Hi all,
Does anyone has experience automating electrochemiluminescence assay using MSD plates? I am particularly interested in the effect of not tapping the plates after washing. We face the challenge of aspirating as much as possible of the wash buffer, without damaging the electrodes at the bottom of the MSD plates. We know we have around 30 uL “left over volume” (tested by weighing before and after wash step). It would be great if some one already has experience in this topic. Thanks!
we use Biotek plate washer to wash the plates and it do not leave any volume
I don’t have experience working with MSD plates in particular, but I’ve used both Biotek (now Agilent) and Tecan Hydrospeed plate washers, and I’ve had good success removing volume completely without scratching the bottom working with ELISA workflows.

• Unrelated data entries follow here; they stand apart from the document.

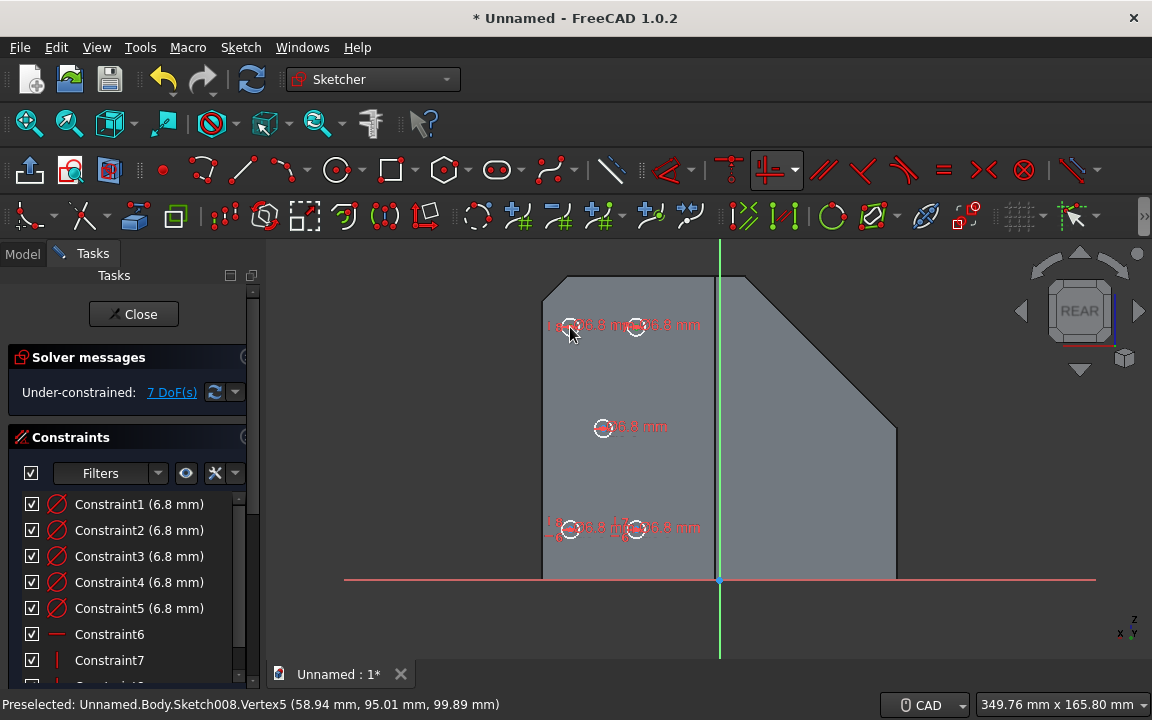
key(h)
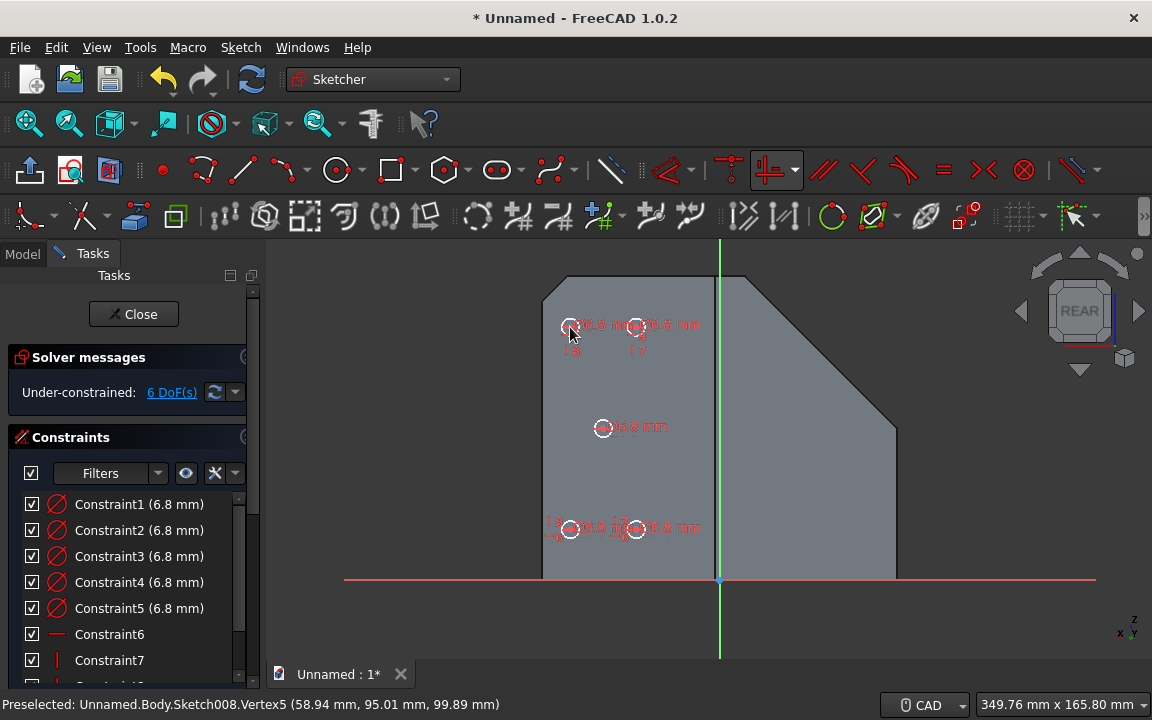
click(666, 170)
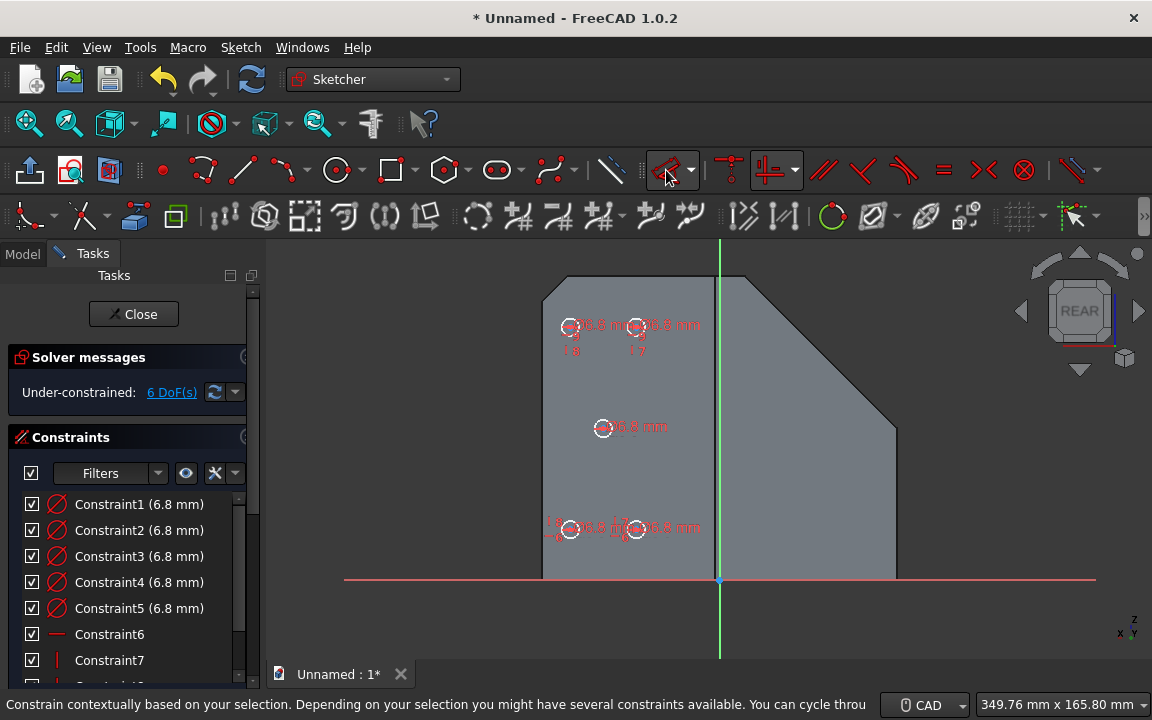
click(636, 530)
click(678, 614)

At least with both of these protocols, you can have multiple aspirations happen in a single wash protocol, where you tell it to aspirate at different parts of the well. You can have it aspirate most of the volume at the center of the well (at a safe position above the bottom of the working electrode), and then move to the side of the well to pick up the ring of liquid that is usually still there. You can repeat these side aspirations until there is no liquid remaining in the well. You can try to find the lowest safe z height of counter electrode and Dielectric electrode and safely pipette there. It looks like MSD wants you to pipette here:
There’s also options such as the BlueCatBio BlueWasher or Cytena C.Wash which evacuate liquid via centrifugal force. This is probably the closest way of automating flicking the plates manually. I don’t have experience with their use to be fair, so I can’t speak to how well they work. I do know that these are generally more expensive than a standard plate washer. This Link has multiple people discussing their general experience with plate washers.
Hope this helps!
Thank you!
Thank you. Using this MSD plate for automated workflows are tricky. Based on the lovely graphic you attach, MSD recommends to pipette on the side, which can be difficult to achieve with liquid handler e.g. Hamilton STAR line 
. Will take that into consideration on top of the potential excess of wash buffer left on the plate after washing. The MSD plates are black, so we are optimizing the Z-height blindly. I guess this wil required a lot of trail and error. Thanks again!
You can definitely pipette on the sides of the well (not diagonally but at least at the side of the well) using the Virtual Labware Library. You end up shifting the location of the sequences until you are pipetting on the edge of thew well, and then shift them back after pipetting is completed. If you search that on this forum, you will find quite a few examples!